Жданов, который не мог вообще ничего, молча следил за её габаритными огнями, пока Малиновский вел машину. Они ехали следом, потому что Катя оттолкнула его от себя, когда он пытался помочь ей сесть в Скорую.
— Я умру, — сказал он вдруг, — если с ними что-то случится.
— Ничего не случится, — затараторил Малиновский. — Сейчас медицина знаешь какая? Они мигом Пушкареву на ноги поставят. Она просто перенервничала, Жданов, просто нервы. Даже у меня сердце прихватило! Что уж говорить о Пушкаревой. Она у нас, конечно, железная леди, но ведь тоже живой человек. Жданов, да не трясись ты! Пушкаревы просто так не сдаются!
А он даже не понимал, что говорит Ромка.
Слова сливались в какой-то однотонный мерный звук.
В приемный покой их не пустили, велели ждать. Ждать Жданов был не в состоянии, поэтому он хватал за руки всех, кто был хоть немного похож на медиков, и заверял их, что Кате нужна лучшая палата, лучшие лекарства, лучшие врачи. Наконец, одна из медсестер сжалилась над ним и пообещала узнать, что там с Пушкаревой.
Вернулась она через несколько минут, которые показались ему вечностью.
— Все в порядке, — сказала медсестра с улыбкой. — Матка немного в тонусе, давление подскочило. Сейчас положим вашу Пушкареву под магнезию, и будет как новенькая.
От облегчения у Жданова ноги подкосились. Он буквально рухнул на шаткий больничный стульчик.
— Все в порядке? — переспросил он. — И с ребенком?
— И с ребенком, и с мамочкой. Её сейчас в отделение поднимут, полежит у нас с недельку.
— У неё обычно низкое давление, — пробормотал Жданов.
— Ну, а сейчас высокое, — терпеливо объяснила медсестра. — Идите в кассу, раз решили платную палату оформлять. И привезите мамочке халат, ночнушку и тапочки.
— Понял, — сказал Ромка, — касса, тапочки. Я пошел.
— Я могу увидеть Катю? — спросил Жданов. — Я заплачу!
Медсестра рассмеялась.
— Увидите, — пообещала она, — дайте хоть оформить человека!
И Жданов остался один. Телефон в его кармане разрывался, и он взял трубку.
— Как Катя? — спросил отец.
— Её положили на сохранение, — голос дрогнул, и что-то перехватило горло, как в детстве, когда он поверял родителям все свои беды, и становилось легче.
— Когда ты сможешь вернуться в компанию? — сухо спросил папа.
— Не знаю. Я не могу сейчас ни о чем думать, кроме Кати.
— Ты понимаешь, что ты нам очень многое должен объяснить?
— А ты понимаешь, что моя любимая женщина сейчас в больнице? — закричал Жданов.
Отец помолчал.
— Ну хорошо, — сказал он наконец, — мы поговорим, когда ты успокоишься.

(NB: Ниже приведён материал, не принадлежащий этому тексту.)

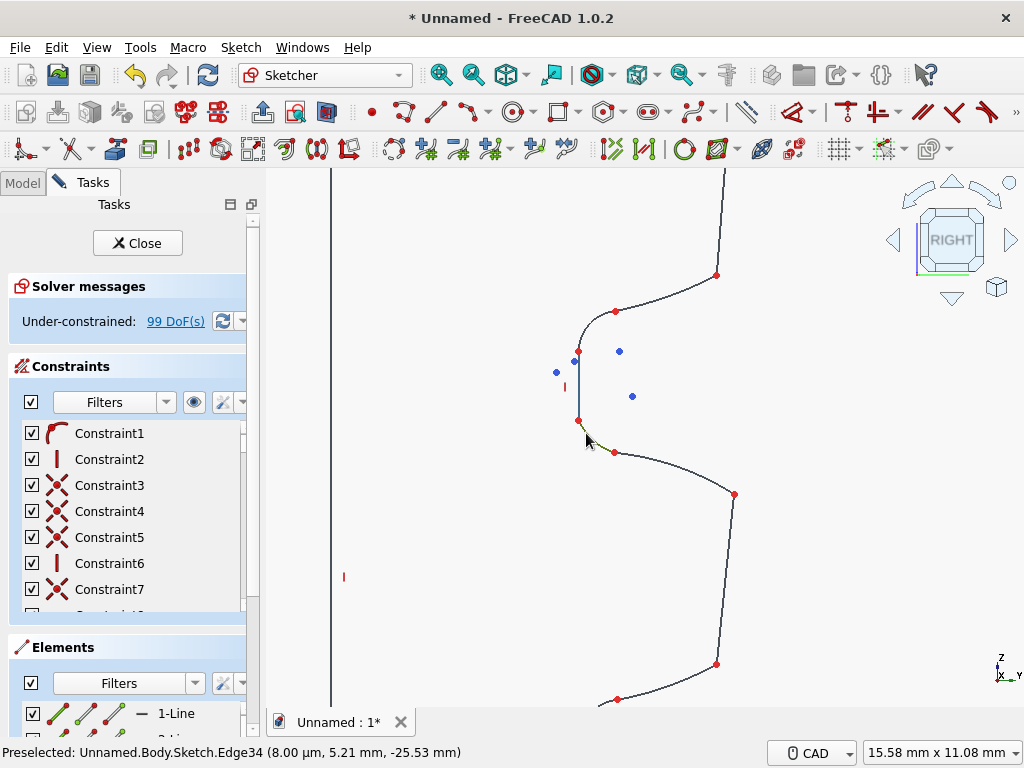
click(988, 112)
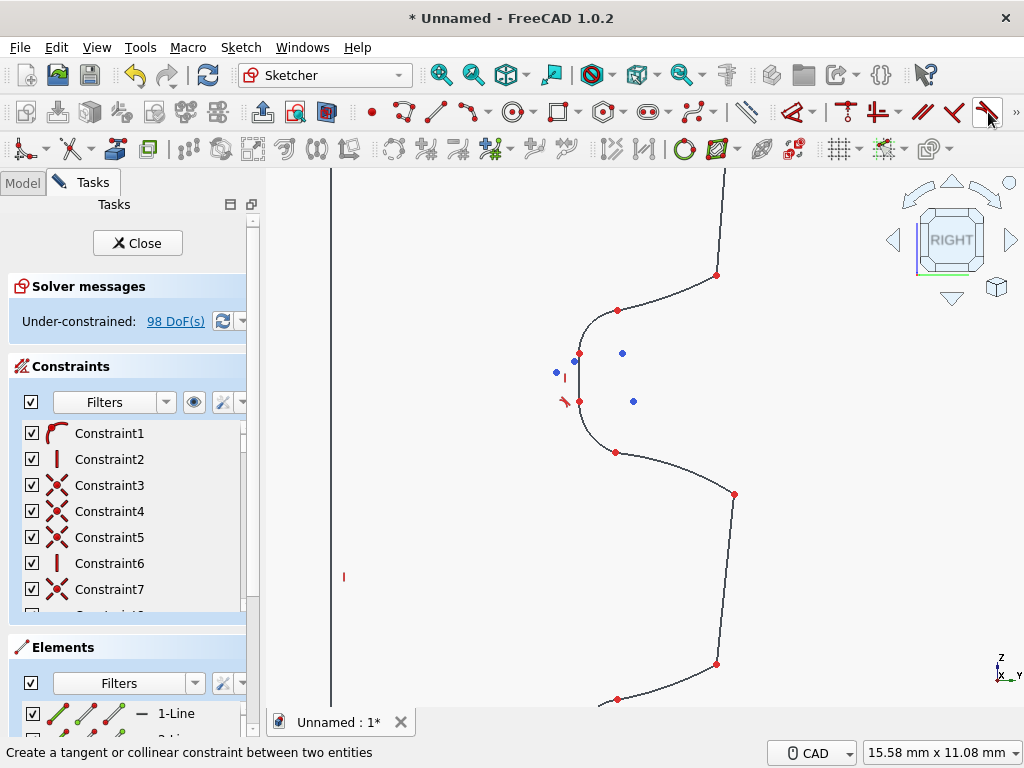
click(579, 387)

Уже знакомая медсестра, решившая сегодня быть доброй феей, снова появилась — с бахилами и белым халатом.
— Сдавайте свое пальто в гардероб, папочка, — распорядилась она, — и облачайтесь.
У Жданова дрожали руки, и он никак не мог попасть в рукава, и тогда медсестра просто накинула халат на его плечи.

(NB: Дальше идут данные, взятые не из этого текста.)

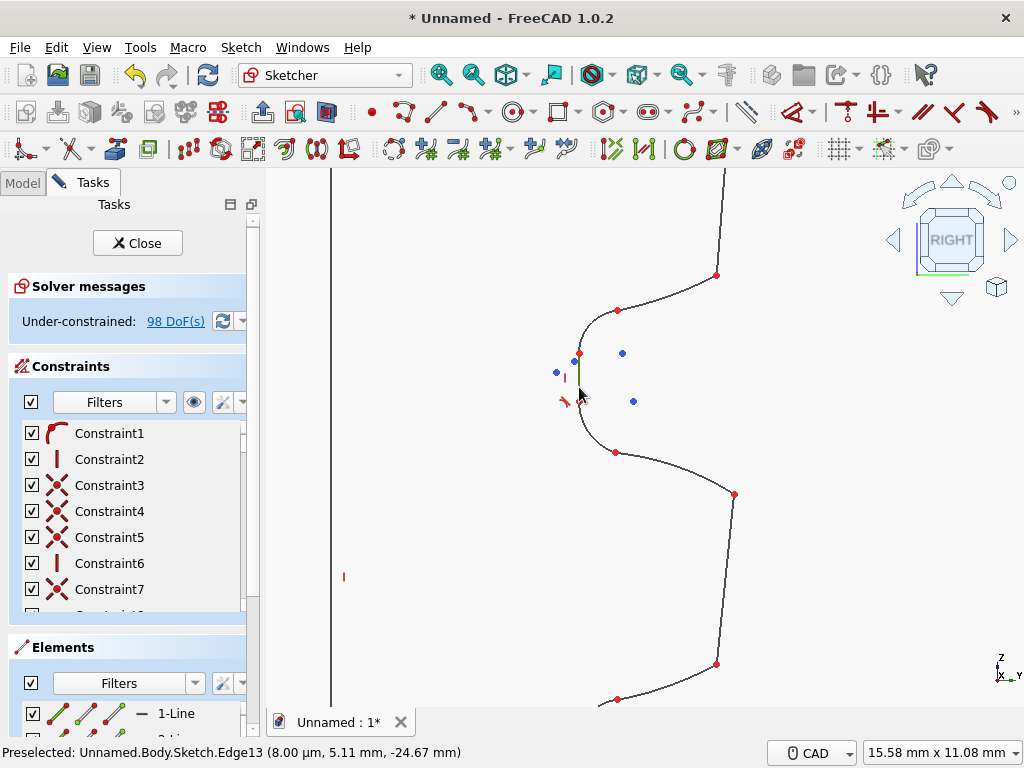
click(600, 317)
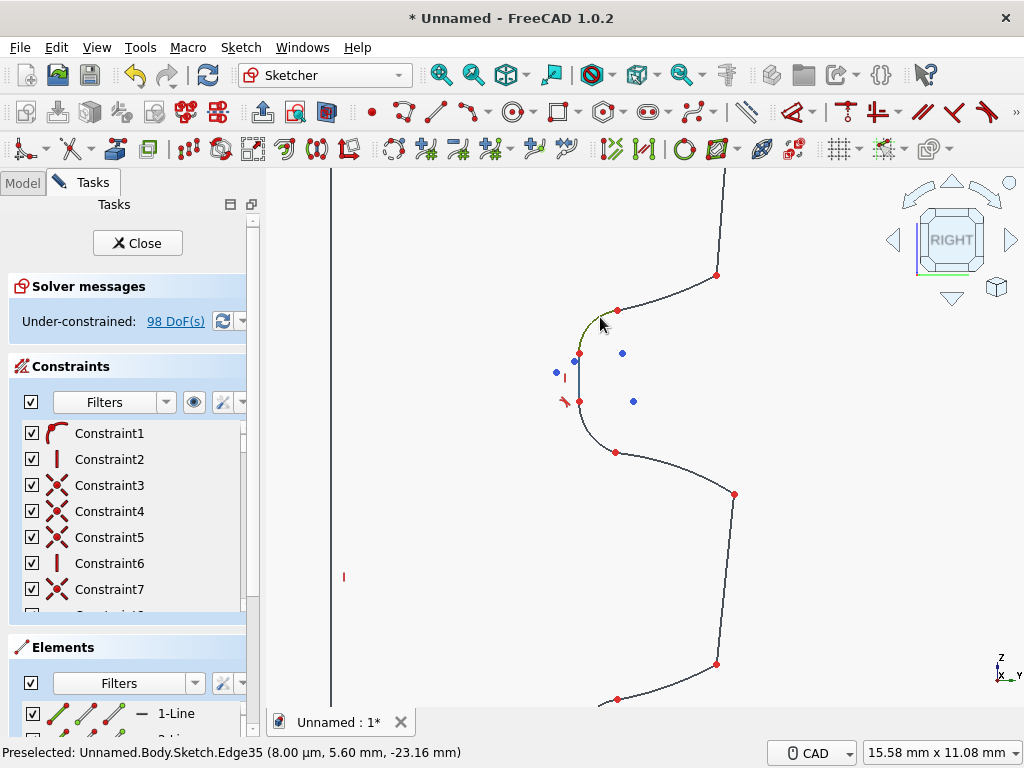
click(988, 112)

Они поднялись по лестнице, прошли узким коридором.
— Только не болтайтесь по отделению, — наставляла его медсестра, — у нас тут мужчины не водятся. Разве что по пожарной лестнице просочится какой-нибудь неугомонный супруг… Но для платников другие условия. Сюда.
Палата была крохотная, но Жданов видел только Катю — она уже была под капельницей, накрыта пестреньким одеялом, а на белой подушке прямо возле её лица был напечатан черный больничный штамп.
— Катя!
Она смотрела на него серьезно и грустно, и от этого взгляда становилось не по себе.